## EXERCISE INSTRUCTIONS
When you reach the line containing "1. trailer (0,437,320,706)" in the entries below, please begin setting down lines exactly, stop only after the last one, and add nothing else.
□ □ □
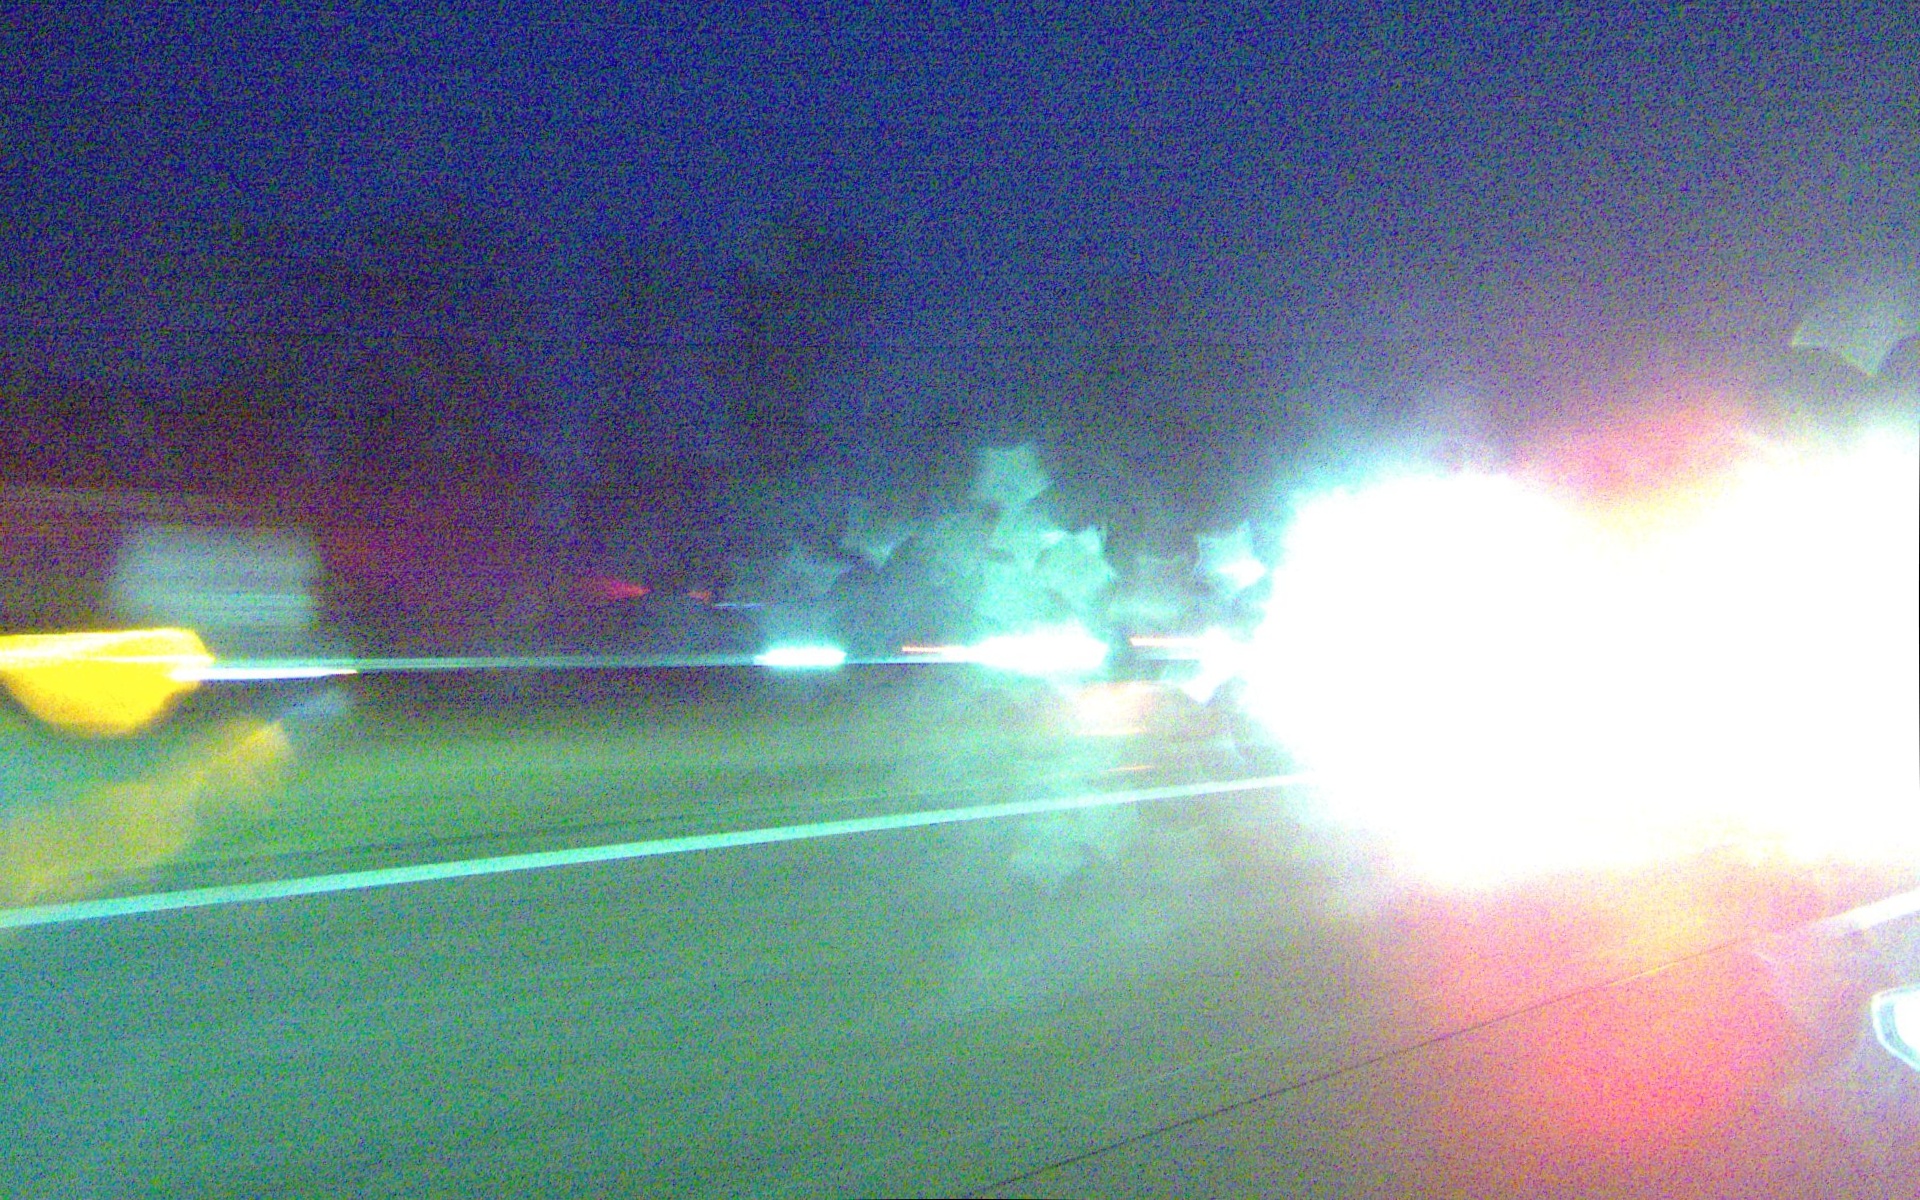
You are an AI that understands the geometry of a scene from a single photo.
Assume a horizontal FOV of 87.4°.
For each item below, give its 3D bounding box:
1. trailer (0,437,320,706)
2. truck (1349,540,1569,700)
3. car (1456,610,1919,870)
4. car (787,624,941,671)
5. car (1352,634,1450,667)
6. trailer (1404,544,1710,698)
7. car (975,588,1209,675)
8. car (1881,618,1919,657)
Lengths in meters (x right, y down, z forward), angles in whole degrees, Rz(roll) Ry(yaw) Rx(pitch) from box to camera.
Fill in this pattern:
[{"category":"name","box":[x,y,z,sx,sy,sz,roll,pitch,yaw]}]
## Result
[{"category":"trailer","box":[-16.153,-0.405,14.123,11.883,3.797,2.683,2,-4,-31]},{"category":"truck","box":[16.870,0.771,33.851,7.487,4.912,2.910,2,-3,-30]},{"category":"car","box":[6.340,0.882,8.179,4.694,1.561,1.850,0,0,-30]},{"category":"car","box":[-3.062,1.554,32.479,4.740,1.442,1.605,2,-4,-30]},{"category":"car","box":[19.455,2.244,44.257,4.539,1.395,1.553,2,-4,-30]},{"category":"trailer","box":[22.315,0.923,36.987,14.406,4.912,2.910,2,-3,-30]},{"category":"car","box":[2.760,0.616,20.796,4.539,1.620,1.984,1,0,-30]},{"category":"car","box":[42.784,1.639,44.279,4.539,1.620,1.984,1,0,-30]}]
□ □ □
## OUTPUT OF THE TASK
1. trailer (0,437,320,706)
2. truck (1349,540,1569,700)
3. car (1456,610,1919,870)
4. car (787,624,941,671)
5. car (1352,634,1450,667)
6. trailer (1404,544,1710,698)
7. car (975,588,1209,675)
8. car (1881,618,1919,657)
Lengths in meters (x right, y down, z forward), angles in whole degrees, Rz(roll) Ry(yaw) Rx(pitch) from box to camera.
Fill in this pattern:
[{"category":"name","box":[x,y,z,sx,sy,sz,roll,pitch,yaw]}]
## Result
[{"category":"trailer","box":[-16.153,-0.405,14.123,11.883,3.797,2.683,2,-4,-31]},{"category":"truck","box":[16.870,0.771,33.851,7.487,4.912,2.910,2,-3,-30]},{"category":"car","box":[6.340,0.882,8.179,4.694,1.561,1.850,0,0,-30]},{"category":"car","box":[-3.062,1.554,32.479,4.740,1.442,1.605,2,-4,-30]},{"category":"car","box":[19.455,2.244,44.257,4.539,1.395,1.553,2,-4,-30]},{"category":"trailer","box":[22.315,0.923,36.987,14.406,4.912,2.910,2,-3,-30]},{"category":"car","box":[2.760,0.616,20.796,4.539,1.620,1.984,1,0,-30]},{"category":"car","box":[42.784,1.639,44.279,4.539,1.620,1.984,1,0,-30]}]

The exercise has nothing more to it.